On November 14 she released her first compilation album, Berry Berry Singles.

Kitade's tenth single, "Suicides Love Story" was released March 5, 2008. The song was used as the ending theme to the Aniplex anime Persona: Trinity Soul, and peaked at No. 64 on the Oricon singles chart.
On March 26, Kitade released her 11th single, "Siren", under the alias, Ruby Gloom. The song peaked at No. 189 on the Oricon chart and was used as the theme song to the Japanese dub of the Canadian cartoon, Ruby Gloom. Her 12th single, "Punk&Baby's" was released July 23. The song peaked at No. 108 on the Oricon chart and was used as the introduction theme song to the TV program Rank Okoku for June and July 2008. On the same day a tribute album to Cyndi Lauper was released, titled We Love Cyndi – Tribute to Cyndi Lauper, which featured Kitade doing a cover of the 1983 hit song "She Bop". On August 1 Nana Kitade was announced as a musical guest at the 10th AnimagiC convention in Bonn, Germany. Starting October 4, the song "Tsukihana" was used as the opening theme to the Aniplex anime Jigoku Shoujo Mitsuganae.

"Tsukihana" was released as Kitade's 13th single on February 4, 2009. It peaked at No. 22 on the Oricon singles chart. On March 11, 2009, Kitade released her third studio album, Bondage. Bondage peaked at No. 85 on the Oricon albums chart. On May 5, it was announced on Kitade's official website that she had to cancel an upcoming live show due to poor physical health. On June 1, Sony Music Japan announced Kitade was taking a break from all activities.

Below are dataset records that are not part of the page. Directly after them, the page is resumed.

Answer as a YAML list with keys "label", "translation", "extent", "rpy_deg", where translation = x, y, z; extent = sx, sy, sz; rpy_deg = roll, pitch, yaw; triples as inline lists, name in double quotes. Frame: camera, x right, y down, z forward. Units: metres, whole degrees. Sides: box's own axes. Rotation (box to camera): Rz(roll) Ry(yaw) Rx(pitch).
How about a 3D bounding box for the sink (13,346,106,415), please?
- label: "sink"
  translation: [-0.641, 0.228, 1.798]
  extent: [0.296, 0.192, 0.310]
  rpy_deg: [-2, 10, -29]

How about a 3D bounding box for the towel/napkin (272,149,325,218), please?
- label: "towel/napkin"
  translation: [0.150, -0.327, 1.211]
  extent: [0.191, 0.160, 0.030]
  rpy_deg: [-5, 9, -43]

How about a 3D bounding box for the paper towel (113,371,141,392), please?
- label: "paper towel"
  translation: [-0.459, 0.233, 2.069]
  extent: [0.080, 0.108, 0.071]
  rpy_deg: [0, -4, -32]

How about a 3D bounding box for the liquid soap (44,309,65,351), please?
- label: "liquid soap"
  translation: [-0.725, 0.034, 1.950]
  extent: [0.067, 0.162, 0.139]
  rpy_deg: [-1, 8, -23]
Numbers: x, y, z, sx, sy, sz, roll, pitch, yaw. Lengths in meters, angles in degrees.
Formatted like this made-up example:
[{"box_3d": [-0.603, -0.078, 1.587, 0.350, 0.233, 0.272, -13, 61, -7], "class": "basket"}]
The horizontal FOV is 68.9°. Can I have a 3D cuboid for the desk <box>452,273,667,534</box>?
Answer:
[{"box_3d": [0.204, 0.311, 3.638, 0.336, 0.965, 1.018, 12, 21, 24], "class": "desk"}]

===2009–12: Loveless and Ai to Hate===
On October 2, 2009, Kitade announced she would begin working on a duo project with Japanese guitarist, Taizo, called Loveless. On October 11 it was announced on Loveless's official site that Kitade's contract with Sony Music Japan has come to an end. Throughout 2010, Kitade toured Tokyo, Japan, promoting Loveless. Due to increased interest and popularity from fans overseas, Kitade released a live video on October 24 of her October 9 performance at Shinjuku Marz. In December, Kitade and Taizo traveled to Germany where Loveless was signed to German-based label, Spark & Shine, and began recording new material.

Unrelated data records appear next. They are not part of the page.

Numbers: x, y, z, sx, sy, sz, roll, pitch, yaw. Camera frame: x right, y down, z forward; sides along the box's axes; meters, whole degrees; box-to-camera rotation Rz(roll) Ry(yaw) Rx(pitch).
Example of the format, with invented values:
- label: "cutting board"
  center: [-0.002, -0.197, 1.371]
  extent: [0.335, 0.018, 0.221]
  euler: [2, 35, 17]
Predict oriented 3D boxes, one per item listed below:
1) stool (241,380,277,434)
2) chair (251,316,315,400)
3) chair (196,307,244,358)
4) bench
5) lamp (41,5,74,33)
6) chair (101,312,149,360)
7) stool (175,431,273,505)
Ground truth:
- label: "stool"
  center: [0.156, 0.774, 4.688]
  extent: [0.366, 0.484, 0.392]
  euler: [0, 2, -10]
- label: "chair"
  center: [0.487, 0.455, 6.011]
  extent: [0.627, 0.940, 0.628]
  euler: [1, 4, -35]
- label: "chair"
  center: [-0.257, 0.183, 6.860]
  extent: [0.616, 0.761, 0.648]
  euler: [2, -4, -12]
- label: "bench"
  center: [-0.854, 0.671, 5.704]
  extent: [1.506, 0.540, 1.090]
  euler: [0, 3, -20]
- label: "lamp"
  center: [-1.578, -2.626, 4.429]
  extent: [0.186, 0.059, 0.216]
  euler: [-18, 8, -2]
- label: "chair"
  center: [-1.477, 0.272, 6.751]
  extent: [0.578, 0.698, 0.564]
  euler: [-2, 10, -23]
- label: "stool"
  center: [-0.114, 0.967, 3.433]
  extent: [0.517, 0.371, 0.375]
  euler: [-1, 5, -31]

In 2011, the songs "Little Tears" and "Love. Lust Free" were released on the duo's official Myspace page. Starting April 8, Kitade and Taizo set out on a European tour, titled Nana Kitade feat. Loveless Europe Tour. The tour began in France and ended May 4 in the Netherlands. During the tour, Kitade also performed in Germany, Poland, Austria, Hungary, Croatia, Morocco, the United Kingdom, Portugal, and Spain. On June 10, Loveless released their first (and only) EP, Ai to Hate.

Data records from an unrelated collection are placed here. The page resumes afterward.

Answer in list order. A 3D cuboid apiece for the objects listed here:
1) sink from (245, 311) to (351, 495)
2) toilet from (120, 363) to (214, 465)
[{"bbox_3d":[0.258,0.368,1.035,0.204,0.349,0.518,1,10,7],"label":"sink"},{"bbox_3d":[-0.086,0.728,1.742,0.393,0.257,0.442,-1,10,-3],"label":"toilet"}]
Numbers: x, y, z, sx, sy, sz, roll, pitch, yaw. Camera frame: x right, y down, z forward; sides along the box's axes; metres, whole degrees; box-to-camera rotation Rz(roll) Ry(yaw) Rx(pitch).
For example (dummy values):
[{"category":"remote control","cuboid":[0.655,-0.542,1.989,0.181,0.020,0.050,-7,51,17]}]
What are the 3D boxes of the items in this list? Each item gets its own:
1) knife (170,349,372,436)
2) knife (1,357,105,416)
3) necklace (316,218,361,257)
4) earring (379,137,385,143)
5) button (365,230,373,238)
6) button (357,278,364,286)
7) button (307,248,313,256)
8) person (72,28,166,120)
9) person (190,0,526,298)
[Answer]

In December 2012 it was announced that Loveless had been disbanded and that Kitade and Loveless had been dropped from Spark and Shine.

===2012–2016: The Teenage Kissers===
On December 24, 2012, Kitade announced she was forming a new band along with drummer Mai Koike and bassist Hideo Nekota, called The Teenage Kissers.

The band's debut single "Ghost Bitch" was released in a special physical edition February 20, 2013, and was distributed only at live shows. On April 6, 2013, Tsubasa Nakada joined the band as lead guitarist. On June 16, 2013 "Ghost Bitch" was re-released in digital format through the Media Factory music label. The band's second single, "Night Night Night" was released July 5, 2013. The band's third single, "TYTD", was released July 7, 2013. The band's first EP, Perfectly Dirty, was released in Japan October 16, 2013, and internationally October 30, 2013. The EP was well received in Japan as well as overseas. Also the EP is the first Nana's EP to receive the Parental Advisory Explicit Content label in its jacket, making this CD the first in her career to have that label on it. The EP peaked at number 224 on the Oricon Albums Chart.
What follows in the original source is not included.